"And if you're still breathing, you're the lucky ones, cause most of us are heaving through corrupted lungs."
Mercredi 20 août 2014 – Londres
Ellie grimaça lorsque la porte craqua alors qu'elle se faufilait dans la chaleur de la chambre à coucher de Harry. Il était encore enroulé dans ses draps immaculés, allongé sur le ventre, ses boucles folles dispersées sur son oreiller. Son dos se soulevait régulièrement, au rythme de sa respiration posée, et les rayons de soleil qui s'infiltraient par les persiennes entrouvertes ricochaient sur sa peau laiteuse. La jeune femme avança à pas feutrés sur le parquet sombre, et se dirigea vers la commode sur laquelle était entreposée une petite trousse dans laquelle elle savait qu'Harry gardait des élastiques. Elle mit un peu d'ordre dans sa longue chevelure châtain, et distraitement, se mit à les tresser, ses prunelles grises toujours concentrées sur son petit ami. Son visage opalin était tourné dans sa direction, ses traits fins complètement décontractés. Cela faisait un certain moment qu'elle ne l'avait pas vu aussi serein. Comme si le sommeil lui dérobait ses inquiétudes, ses désillusions le temps de quelques heures. Complètement vulnérable, dépossédé de la façade, des murs qu'il devait élever autour de lui pour être en perpétuelle adéquation avec les attentes du reste du monde.
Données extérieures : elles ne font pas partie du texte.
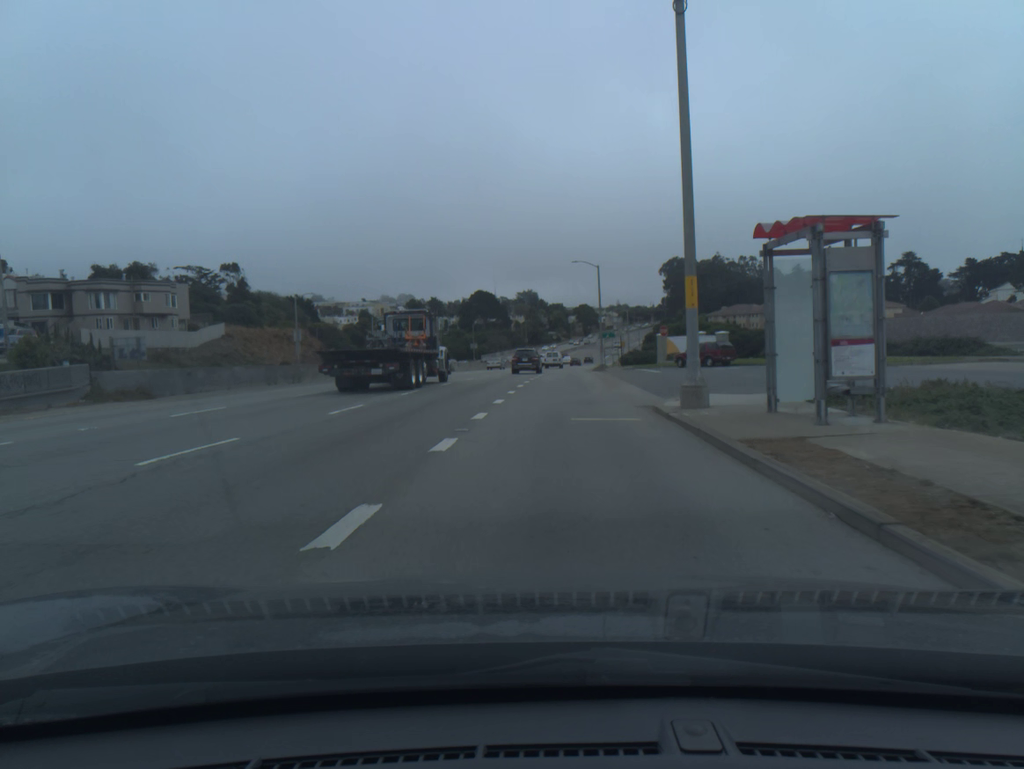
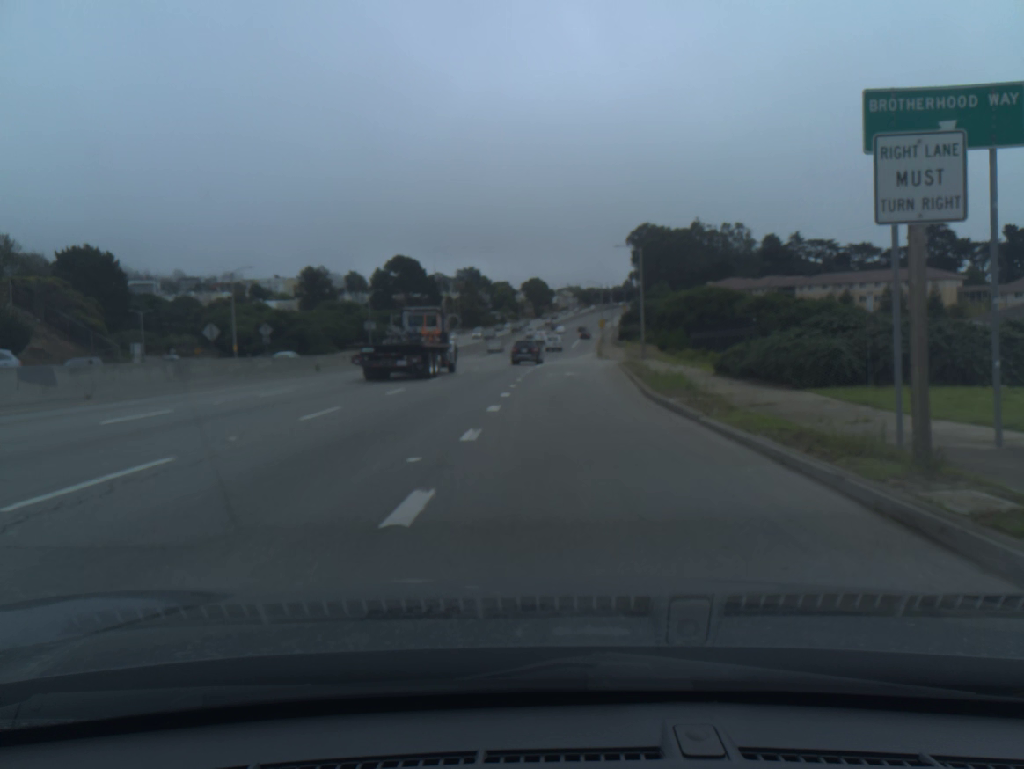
(+1.7, +68.8) m; +4°
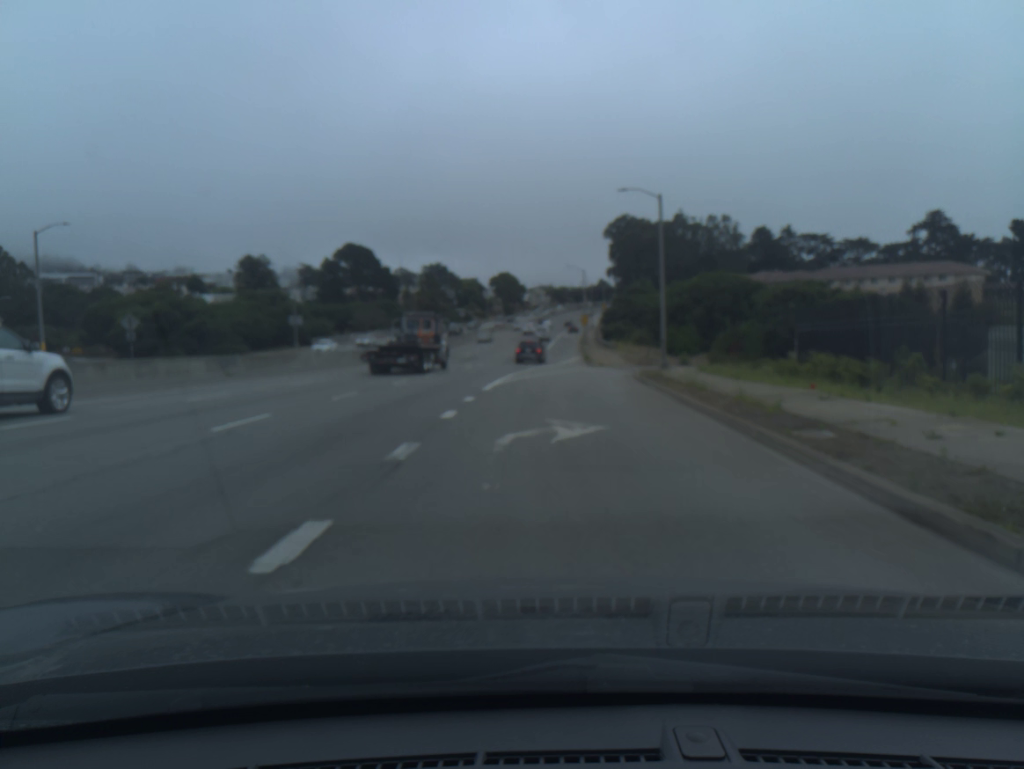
(+0.4, +24.5) m; +2°
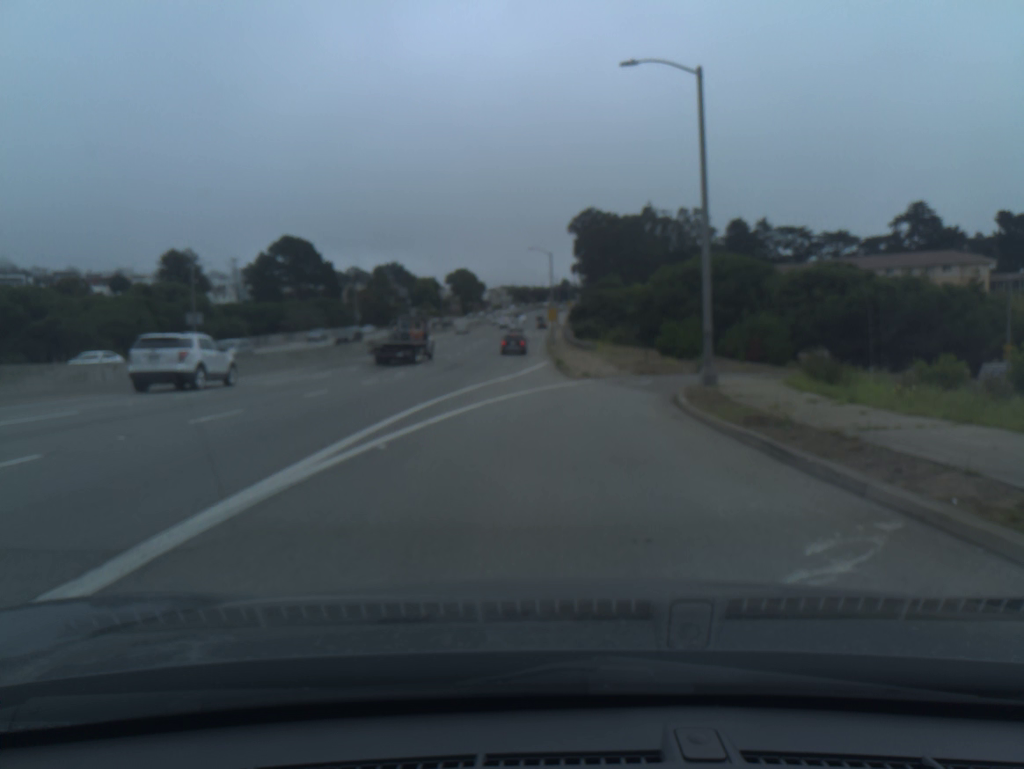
(+0.5, +19.7) m; +3°
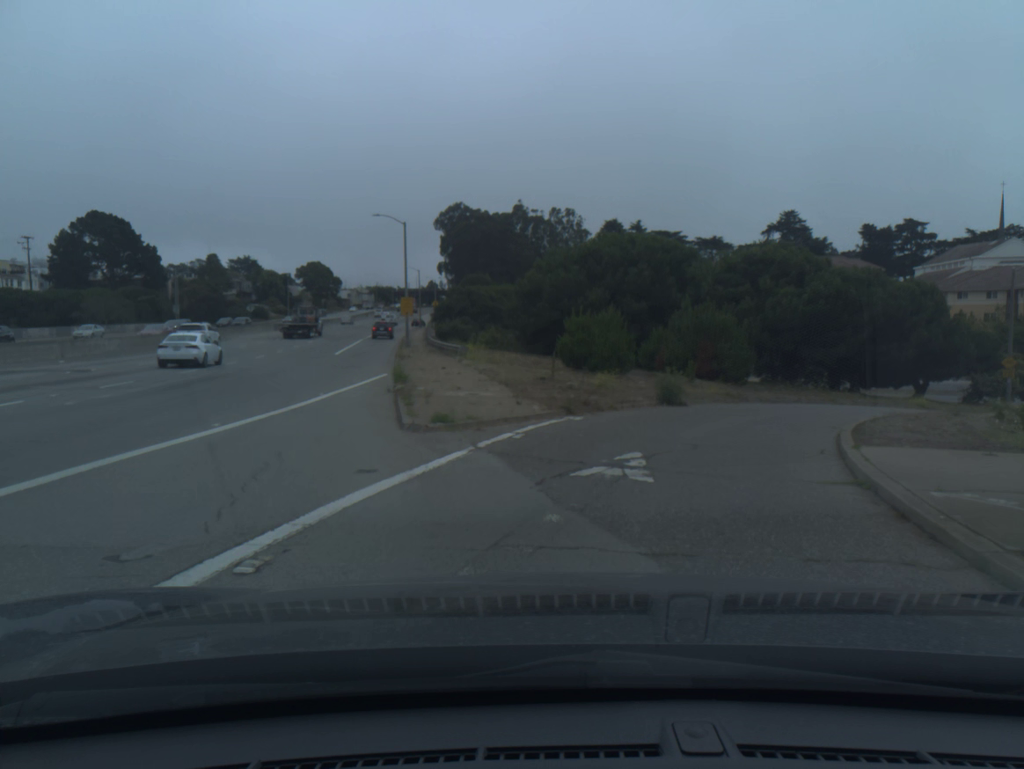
(+1.2, +21.0) m; +11°
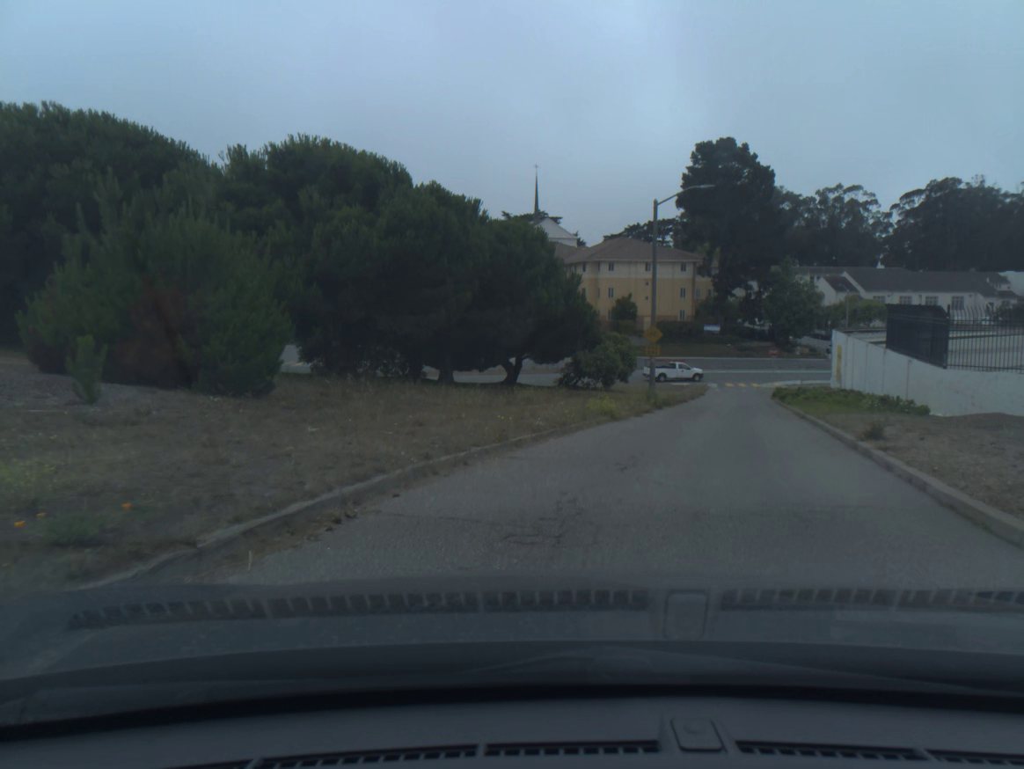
(+5.1, +21.2) m; +32°
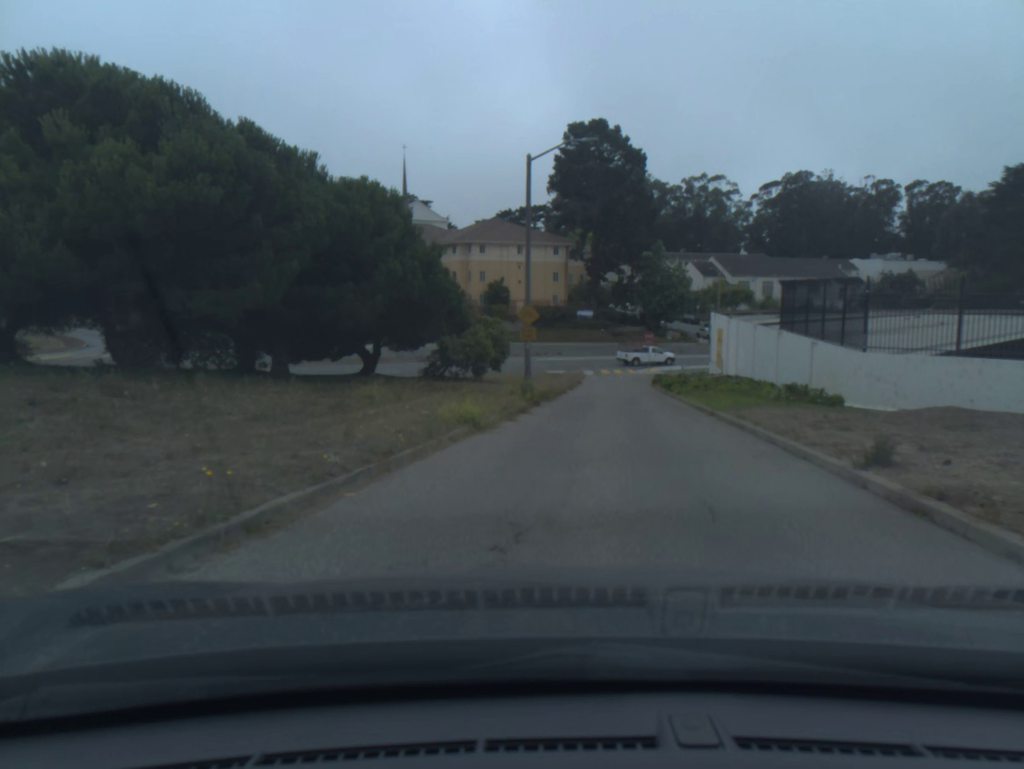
(+0.4, +5.7) m; +8°

Avec ses cheveux ébouriffés qu'il avait décider de laisser pousser, son dos qui se soulevait, puis s'abaissait, avec délicatesse. Avec sa fragilité. Les articles dans les journaux ne parlaient pas de ça. Ils ne parlaient pas du garçon qui s'accrochait désespérément à elle, comme à une bouée de sauvetage, quand il avait un peu trop bu. Ils ne parlaient pas du garçon qui ne cessait de lui réclamer des baisers, des étreintes, même quand elle s'efforçait de le repousser parce qu'elle ne supportait pas trop de contact. Ils n'écrivaient jamais sur jeune homme qui l'embrassait toujours au creux de son poignet pour lui souhaiter bonne chance quand elle allait passer un examen, ni de celui qui pleurait avec elle lorsqu'ils se quittaient dans les halls d'aéroport. Ils ne parlaient jamais de cet humain, jamais de lui de cette façon, et cette facette invisible aux yeux du monde, c'était tout ce qu'Ellie possédait.
- Tu sais que tu me fais drôlement peur quand tu fais ça ?
Sa voix rocailleuse, encore remplie de sommeil arracha Ellie à sa contemplation. Le brun était sorti de sa torpeur, ses paupières lourdes se soulevèrent avec difficulté, dévoilant le vert pâle de ses iris. Les lèvres d'Ellie esquissèrent un sourire malgré elle, alors qu'elle s'asseyait auprès de lui sur le matelas, ses pieds nus toujours sur le sol.
- Quand je fais quoi ? Lui demanda-t-elle en dégageant le front du jeune homme de quelques mèches folles.
- Quand tu restes immobile à m'observer. C'est comme si tu t'arrêtais de vivre pendant quelques secondes, alors que tes yeux, eux, me racontent des milliers d'histoires.
Ellie hocha la tête, retint un frisson lorsque les doigts chauds d'Harry passèrent sous son t-shirt, traçant avec pureté les protubérances que formaient sa colonne vertébrale sous sa peau. Elle céda aux supplications silencieuses dans les prunelles embrumées de son amoureux, et se blottit contre lui, sa tête dans son cou.
- Il va falloir que j'y aille, chuchota-t-elle doucement, ses paupières closes.
C'était toujours le moment qu'elle redoutait. L'atterrissage brutal, le retour à la réalité après avoir passé de longues journées dans leur bulle, coupés du monde qui les entourait.
Elle entendit Harry soupirer, sous souffle chaud chatouillant son oreille. Son pouce continuait à se balader dans son dos, traçant des constellations imaginaires, donnant naissance à de petites décharges électriques sur son passage.